## Assignment
Nothing but the entries, copied exactly, should appear in the response.

Dataset entries
§

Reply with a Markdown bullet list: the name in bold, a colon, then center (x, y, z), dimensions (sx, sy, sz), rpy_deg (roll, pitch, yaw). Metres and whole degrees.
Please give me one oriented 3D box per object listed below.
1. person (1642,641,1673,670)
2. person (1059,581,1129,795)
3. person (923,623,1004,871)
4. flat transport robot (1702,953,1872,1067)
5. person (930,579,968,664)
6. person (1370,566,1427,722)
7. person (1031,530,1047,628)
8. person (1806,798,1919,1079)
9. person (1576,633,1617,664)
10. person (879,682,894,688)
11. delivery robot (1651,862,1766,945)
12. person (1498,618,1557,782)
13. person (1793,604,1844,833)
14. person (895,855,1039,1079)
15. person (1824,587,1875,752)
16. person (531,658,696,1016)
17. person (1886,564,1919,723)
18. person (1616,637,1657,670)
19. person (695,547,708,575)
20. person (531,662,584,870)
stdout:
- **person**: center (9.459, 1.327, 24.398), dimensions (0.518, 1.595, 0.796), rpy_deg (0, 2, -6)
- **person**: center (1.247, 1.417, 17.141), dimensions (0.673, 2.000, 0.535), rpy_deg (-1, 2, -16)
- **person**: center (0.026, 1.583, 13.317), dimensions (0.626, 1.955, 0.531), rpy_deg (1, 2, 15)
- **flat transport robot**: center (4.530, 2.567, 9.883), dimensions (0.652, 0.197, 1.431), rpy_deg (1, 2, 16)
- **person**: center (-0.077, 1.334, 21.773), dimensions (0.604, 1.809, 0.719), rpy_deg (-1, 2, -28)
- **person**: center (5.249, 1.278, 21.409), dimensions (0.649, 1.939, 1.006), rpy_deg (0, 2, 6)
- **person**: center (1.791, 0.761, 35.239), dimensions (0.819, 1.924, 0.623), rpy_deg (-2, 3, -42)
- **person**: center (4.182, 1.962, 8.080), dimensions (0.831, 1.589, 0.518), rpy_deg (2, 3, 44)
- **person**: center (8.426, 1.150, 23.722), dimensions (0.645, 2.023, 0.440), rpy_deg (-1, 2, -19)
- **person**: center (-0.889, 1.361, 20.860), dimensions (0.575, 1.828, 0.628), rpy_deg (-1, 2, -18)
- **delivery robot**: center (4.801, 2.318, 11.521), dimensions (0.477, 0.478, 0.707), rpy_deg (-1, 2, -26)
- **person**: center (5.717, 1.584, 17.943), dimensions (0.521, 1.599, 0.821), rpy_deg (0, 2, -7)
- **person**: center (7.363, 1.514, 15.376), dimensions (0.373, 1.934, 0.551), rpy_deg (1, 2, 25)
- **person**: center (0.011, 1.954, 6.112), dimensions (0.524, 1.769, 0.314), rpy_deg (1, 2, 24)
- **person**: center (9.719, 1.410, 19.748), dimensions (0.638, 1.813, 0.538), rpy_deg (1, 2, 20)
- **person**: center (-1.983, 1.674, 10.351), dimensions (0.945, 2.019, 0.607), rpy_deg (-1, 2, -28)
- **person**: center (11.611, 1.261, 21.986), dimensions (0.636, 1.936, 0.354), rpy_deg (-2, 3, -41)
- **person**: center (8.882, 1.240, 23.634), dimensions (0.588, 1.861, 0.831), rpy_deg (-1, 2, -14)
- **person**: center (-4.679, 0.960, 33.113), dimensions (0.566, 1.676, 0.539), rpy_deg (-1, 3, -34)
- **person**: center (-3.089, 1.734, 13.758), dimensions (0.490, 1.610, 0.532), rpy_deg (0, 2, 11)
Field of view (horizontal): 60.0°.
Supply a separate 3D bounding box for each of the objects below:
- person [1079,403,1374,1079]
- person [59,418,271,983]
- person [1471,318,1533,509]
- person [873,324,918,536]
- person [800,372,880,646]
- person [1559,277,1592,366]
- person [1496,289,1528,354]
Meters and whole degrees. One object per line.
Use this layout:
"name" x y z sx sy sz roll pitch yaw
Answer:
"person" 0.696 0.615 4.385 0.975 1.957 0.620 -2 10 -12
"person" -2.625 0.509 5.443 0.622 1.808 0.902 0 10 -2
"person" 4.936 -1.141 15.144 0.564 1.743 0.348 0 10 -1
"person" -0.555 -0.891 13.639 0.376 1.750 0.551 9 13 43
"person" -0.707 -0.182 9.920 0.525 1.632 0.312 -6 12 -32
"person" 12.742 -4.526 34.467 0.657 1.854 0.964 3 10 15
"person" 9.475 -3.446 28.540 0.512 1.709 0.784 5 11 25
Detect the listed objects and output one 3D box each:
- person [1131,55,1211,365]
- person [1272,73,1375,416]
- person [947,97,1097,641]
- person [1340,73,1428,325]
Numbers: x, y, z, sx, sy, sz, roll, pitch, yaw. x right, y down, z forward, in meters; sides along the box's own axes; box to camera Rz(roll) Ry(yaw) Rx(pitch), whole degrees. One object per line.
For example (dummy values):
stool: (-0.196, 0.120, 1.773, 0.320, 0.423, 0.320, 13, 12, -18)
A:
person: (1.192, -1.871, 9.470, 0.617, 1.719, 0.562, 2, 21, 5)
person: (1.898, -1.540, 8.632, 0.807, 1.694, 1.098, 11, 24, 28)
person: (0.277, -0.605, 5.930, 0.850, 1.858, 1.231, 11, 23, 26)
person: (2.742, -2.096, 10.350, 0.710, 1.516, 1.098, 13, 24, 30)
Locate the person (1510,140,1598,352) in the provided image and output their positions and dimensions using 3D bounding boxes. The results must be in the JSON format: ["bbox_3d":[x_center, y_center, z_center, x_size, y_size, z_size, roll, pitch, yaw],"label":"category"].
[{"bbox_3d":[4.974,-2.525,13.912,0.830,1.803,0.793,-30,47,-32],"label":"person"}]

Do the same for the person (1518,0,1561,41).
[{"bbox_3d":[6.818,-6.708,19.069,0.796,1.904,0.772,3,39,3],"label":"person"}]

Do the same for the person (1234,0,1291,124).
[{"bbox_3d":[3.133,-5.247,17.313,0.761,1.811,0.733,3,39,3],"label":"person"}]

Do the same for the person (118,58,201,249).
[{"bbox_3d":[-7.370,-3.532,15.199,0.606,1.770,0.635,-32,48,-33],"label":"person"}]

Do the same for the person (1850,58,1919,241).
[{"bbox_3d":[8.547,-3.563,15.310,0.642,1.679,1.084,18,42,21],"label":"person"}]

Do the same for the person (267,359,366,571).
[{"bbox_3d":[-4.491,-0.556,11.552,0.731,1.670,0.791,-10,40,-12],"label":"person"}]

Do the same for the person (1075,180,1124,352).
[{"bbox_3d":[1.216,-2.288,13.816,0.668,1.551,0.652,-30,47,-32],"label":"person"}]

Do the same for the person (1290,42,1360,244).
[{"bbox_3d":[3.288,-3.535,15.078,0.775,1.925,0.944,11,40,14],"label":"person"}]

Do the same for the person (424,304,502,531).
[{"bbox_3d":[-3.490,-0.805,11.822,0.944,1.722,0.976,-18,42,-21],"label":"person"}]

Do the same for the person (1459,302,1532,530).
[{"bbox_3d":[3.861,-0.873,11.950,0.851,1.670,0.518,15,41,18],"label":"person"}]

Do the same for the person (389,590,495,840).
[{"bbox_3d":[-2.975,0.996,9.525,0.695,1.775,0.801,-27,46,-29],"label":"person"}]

§

## Solution for this problem
Reply with a Markdown bullet list: the name in bold, a colon, then center (x, y, z), dimensions (sx, sy, sz), rpy_deg (roll, pitch, yaw). Metres and whole degrees.
Please give me one oriented 3D box per object listed below.
1. person (1642,641,1673,670)
2. person (1059,581,1129,795)
3. person (923,623,1004,871)
4. flat transport robot (1702,953,1872,1067)
5. person (930,579,968,664)
6. person (1370,566,1427,722)
7. person (1031,530,1047,628)
8. person (1806,798,1919,1079)
9. person (1576,633,1617,664)
10. person (879,682,894,688)
11. delivery robot (1651,862,1766,945)
12. person (1498,618,1557,782)
13. person (1793,604,1844,833)
14. person (895,855,1039,1079)
15. person (1824,587,1875,752)
16. person (531,658,696,1016)
17. person (1886,564,1919,723)
18. person (1616,637,1657,670)
19. person (695,547,708,575)
20. person (531,662,584,870)
stdout:
- **person**: center (9.459, 1.327, 24.398), dimensions (0.518, 1.595, 0.796), rpy_deg (0, 2, -6)
- **person**: center (1.247, 1.417, 17.141), dimensions (0.673, 2.000, 0.535), rpy_deg (-1, 2, -16)
- **person**: center (0.026, 1.583, 13.317), dimensions (0.626, 1.955, 0.531), rpy_deg (1, 2, 15)
- **flat transport robot**: center (4.530, 2.567, 9.883), dimensions (0.652, 0.197, 1.431), rpy_deg (1, 2, 16)
- **person**: center (-0.077, 1.334, 21.773), dimensions (0.604, 1.809, 0.719), rpy_deg (-1, 2, -28)
- **person**: center (5.249, 1.278, 21.409), dimensions (0.649, 1.939, 1.006), rpy_deg (0, 2, 6)
- **person**: center (1.791, 0.761, 35.239), dimensions (0.819, 1.924, 0.623), rpy_deg (-2, 3, -42)
- **person**: center (4.182, 1.962, 8.080), dimensions (0.831, 1.589, 0.518), rpy_deg (2, 3, 44)
- **person**: center (8.426, 1.150, 23.722), dimensions (0.645, 2.023, 0.440), rpy_deg (-1, 2, -19)
- **person**: center (-0.889, 1.361, 20.860), dimensions (0.575, 1.828, 0.628), rpy_deg (-1, 2, -18)
- **delivery robot**: center (4.801, 2.318, 11.521), dimensions (0.477, 0.478, 0.707), rpy_deg (-1, 2, -26)
- **person**: center (5.717, 1.584, 17.943), dimensions (0.521, 1.599, 0.821), rpy_deg (0, 2, -7)
- **person**: center (7.363, 1.514, 15.376), dimensions (0.373, 1.934, 0.551), rpy_deg (1, 2, 25)
- **person**: center (0.011, 1.954, 6.112), dimensions (0.524, 1.769, 0.314), rpy_deg (1, 2, 24)
- **person**: center (9.719, 1.410, 19.748), dimensions (0.638, 1.813, 0.538), rpy_deg (1, 2, 20)
- **person**: center (-1.983, 1.674, 10.351), dimensions (0.945, 2.019, 0.607), rpy_deg (-1, 2, -28)
- **person**: center (11.611, 1.261, 21.986), dimensions (0.636, 1.936, 0.354), rpy_deg (-2, 3, -41)
- **person**: center (8.882, 1.240, 23.634), dimensions (0.588, 1.861, 0.831), rpy_deg (-1, 2, -14)
- **person**: center (-4.679, 0.960, 33.113), dimensions (0.566, 1.676, 0.539), rpy_deg (-1, 3, -34)
- **person**: center (-3.089, 1.734, 13.758), dimensions (0.490, 1.610, 0.532), rpy_deg (0, 2, 11)
Field of view (horizontal): 60.0°.
Supply a separate 3D bounding box for each of the objects below:
- person [1079,403,1374,1079]
- person [59,418,271,983]
- person [1471,318,1533,509]
- person [873,324,918,536]
- person [800,372,880,646]
- person [1559,277,1592,366]
- person [1496,289,1528,354]
Meters and whole degrees. One object per line.
Use this layout:
"name" x y z sx sy sz roll pitch yaw
Answer:
"person" 0.696 0.615 4.385 0.975 1.957 0.620 -2 10 -12
"person" -2.625 0.509 5.443 0.622 1.808 0.902 0 10 -2
"person" 4.936 -1.141 15.144 0.564 1.743 0.348 0 10 -1
"person" -0.555 -0.891 13.639 0.376 1.750 0.551 9 13 43
"person" -0.707 -0.182 9.920 0.525 1.632 0.312 -6 12 -32
"person" 12.742 -4.526 34.467 0.657 1.854 0.964 3 10 15
"person" 9.475 -3.446 28.540 0.512 1.709 0.784 5 11 25
Detect the listed objects and output one 3D box each:
- person [1131,55,1211,365]
- person [1272,73,1375,416]
- person [947,97,1097,641]
- person [1340,73,1428,325]
Numbers: x, y, z, sx, sy, sz, roll, pitch, yaw. x right, y down, z forward, in meters; sides along the box's own axes; box to camera Rz(roll) Ry(yaw) Rx(pitch), whole degrees. One object per line.
For example (dummy values):
stool: (-0.196, 0.120, 1.773, 0.320, 0.423, 0.320, 13, 12, -18)
A:
person: (1.192, -1.871, 9.470, 0.617, 1.719, 0.562, 2, 21, 5)
person: (1.898, -1.540, 8.632, 0.807, 1.694, 1.098, 11, 24, 28)
person: (0.277, -0.605, 5.930, 0.850, 1.858, 1.231, 11, 23, 26)
person: (2.742, -2.096, 10.350, 0.710, 1.516, 1.098, 13, 24, 30)
Locate the person (1510,140,1598,352) in the provided image and output their positions and dimensions using 3D bounding boxes. The results must be in the JSON format: ["bbox_3d":[x_center, y_center, z_center, x_size, y_size, z_size, roll, pitch, yaw],"label":"category"].
[{"bbox_3d":[4.974,-2.525,13.912,0.830,1.803,0.793,-30,47,-32],"label":"person"}]

Do the same for the person (1518,0,1561,41).
[{"bbox_3d":[6.818,-6.708,19.069,0.796,1.904,0.772,3,39,3],"label":"person"}]

Do the same for the person (1234,0,1291,124).
[{"bbox_3d":[3.133,-5.247,17.313,0.761,1.811,0.733,3,39,3],"label":"person"}]

Do the same for the person (118,58,201,249).
[{"bbox_3d":[-7.370,-3.532,15.199,0.606,1.770,0.635,-32,48,-33],"label":"person"}]

Do the same for the person (1850,58,1919,241).
[{"bbox_3d":[8.547,-3.563,15.310,0.642,1.679,1.084,18,42,21],"label":"person"}]

Do the same for the person (267,359,366,571).
[{"bbox_3d":[-4.491,-0.556,11.552,0.731,1.670,0.791,-10,40,-12],"label":"person"}]

Do the same for the person (1075,180,1124,352).
[{"bbox_3d":[1.216,-2.288,13.816,0.668,1.551,0.652,-30,47,-32],"label":"person"}]

Do the same for the person (1290,42,1360,244).
[{"bbox_3d":[3.288,-3.535,15.078,0.775,1.925,0.944,11,40,14],"label":"person"}]

Do the same for the person (424,304,502,531).
[{"bbox_3d":[-3.490,-0.805,11.822,0.944,1.722,0.976,-18,42,-21],"label":"person"}]

Do the same for the person (1459,302,1532,530).
[{"bbox_3d":[3.861,-0.873,11.950,0.851,1.670,0.518,15,41,18],"label":"person"}]

Do the same for the person (389,590,495,840).
[{"bbox_3d":[-2.975,0.996,9.525,0.695,1.775,0.801,-27,46,-29],"label":"person"}]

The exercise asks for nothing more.